"You have walked a marathoner into the friggin' ground." Edwards massaged his shoulders. He wondered if the pain from his pack straps would ever go away. His legs felt as though someone had hammered on them with a baseball bat. He leaned back and commanded every muscle in his body to relax. The rocky ground didn't help, but he could not raise the energy even to look for a better spot. He remembered something. "Shouldn't somebody stand guard?"
"I thought about that," Smith said. He was lying back also, his helmet down over his eyes. "I think just this once we can forget it. Only way anybody'll spot us is if a chopper hovers right overhead. Nearest road's ten miles from here. Screw it. What d'you think, skipper?"
Edwards didn't hear the question.
KIEV, THE UKRAINE
"Ivan Mikhailovich, are your bags packed?" Alekseyev asked.
"Yes, Comrade General."
"Commander-in-Chief West is missing. He was en route from Third Shock Army to his forward headquarters and disappeared. It is thought he might have been killed by an air attack. We're taking over."
"Just like that?"
"Not at all," Alekseyev said angrily. "They took thirty-six hours to decide that he was probably dead! The maniac had just relieved Third Shock's commander, then disappeared, and his deputy couldn't decide what to do. A scheduled attack never began, and the fucking Germans counterattacked while our men were waiting for orders!'' Alekseyev shook his head to clear it and went on more calmly. "Well, now we will have soldiers running the campaign, not some politically reliable whoremonger."
Sergetov again noted his superior's puritanical streak. It was one of the few traits that agreed exactly with Party policy.
"Our mission?" the captain asked.
"While the General takes charge at the command post, you and I will tour the forward divisions to ascertain the situation at the front. Sorry, Ivan Mikhailovich, I'm afraid this is not the safe posting I promised your father."
"I speak good English in addition to Arabic," the younger man sniffed. Alekseyev had checked that out before writing up the transfer orders. Captain Sergetov had been a good company officer before being lured out of uniform by the promise of a comfortable life of Party work. "When do we leave?"
"We fly out in two hours."
"In daylight?" The captain was surprised at that.
"It would appear that air travel by day is safer. NATO claims to dominate the night sky. Our people say otherwise, but they are flying us out in daylight. Draw your own conclusions, Comrade Captain."
DOVER AIR FORCE BASE, DELAWARE
A C-5A transport aircraft sat outside its hangar, waiting. Within the cavernous structure a team of forty-half officers in naval dress, half civilians wearing General Dynamics coveralls-worked on Tomahawk missiles. While one group removed the massive antiship warheads and replaced them with something else, the other group's task was more difficult. They were replacing the missile guidance systems, the usual ship-hunting packages being removed in favor of terrain-matching systems that the men knew were used only for nuclear-tipped missiles intended for land targets. The guidance boxes were new, fresh from the factory. They had to be checked and calibrated. A delicate job. Though the systems had already been certified by the manufacturer, the usual peacetime routines were gone, replaced with an urgency that all of them felt but none of them knew the reason for. The mission was a complete secret.
Delicate electronic instruments fed pre-programmed information into the guidance packages, and other monitors examined the commands generated by the on-board computers. There were only enough men to check out three missiles at a time, and each check took just over an hour. Occasionally one would look up to see the massive Galaxy transport, still waiting, its crew pacing about between trips to the weather office.

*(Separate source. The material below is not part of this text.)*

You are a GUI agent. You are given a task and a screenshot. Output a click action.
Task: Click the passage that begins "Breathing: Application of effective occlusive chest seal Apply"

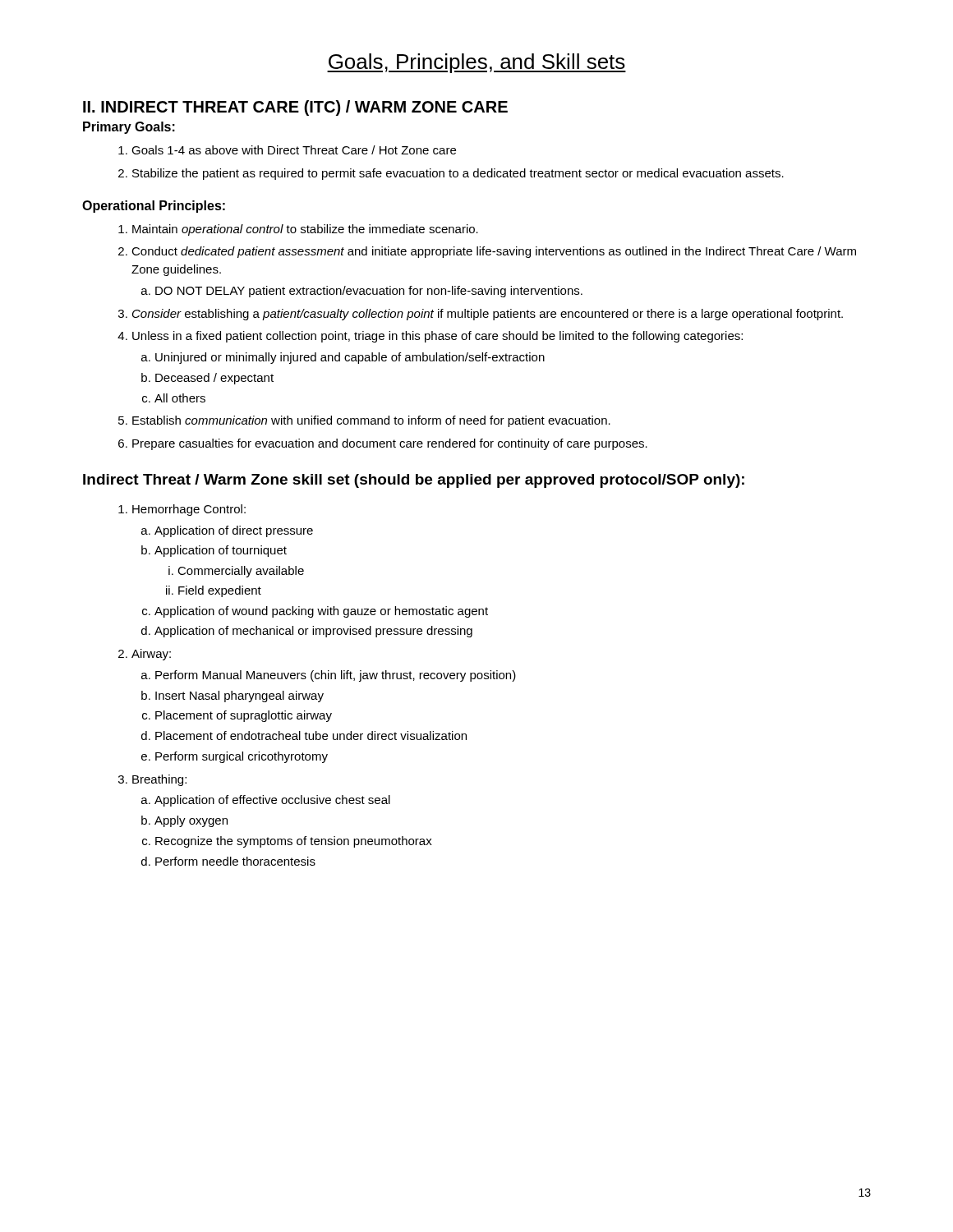pos(159,780)

When each missile was certified, a grease pencil mark was made next to the "F' code letter on the warhead, and the torpedo-shaped weapon was carefully loaded into its launch canister. Nearly a third of the guidance packages were discarded and replaced. Several had failed completely, but the problems with most were quite minor, though serious enough to warrant replacement instead of adjustment. The technicians and engineers from General Dynamics wondered about that. What sort of target demanded this sort of precision? All in all, the job took twenty-seven hours, six more than expected. About half of the men boarded the aircraft, which lifted off the concrete twenty minutes later, bound for Europe. They slept in the rear-facing seats, too tired to care about the dangers that might await them at their destination, wherever that was.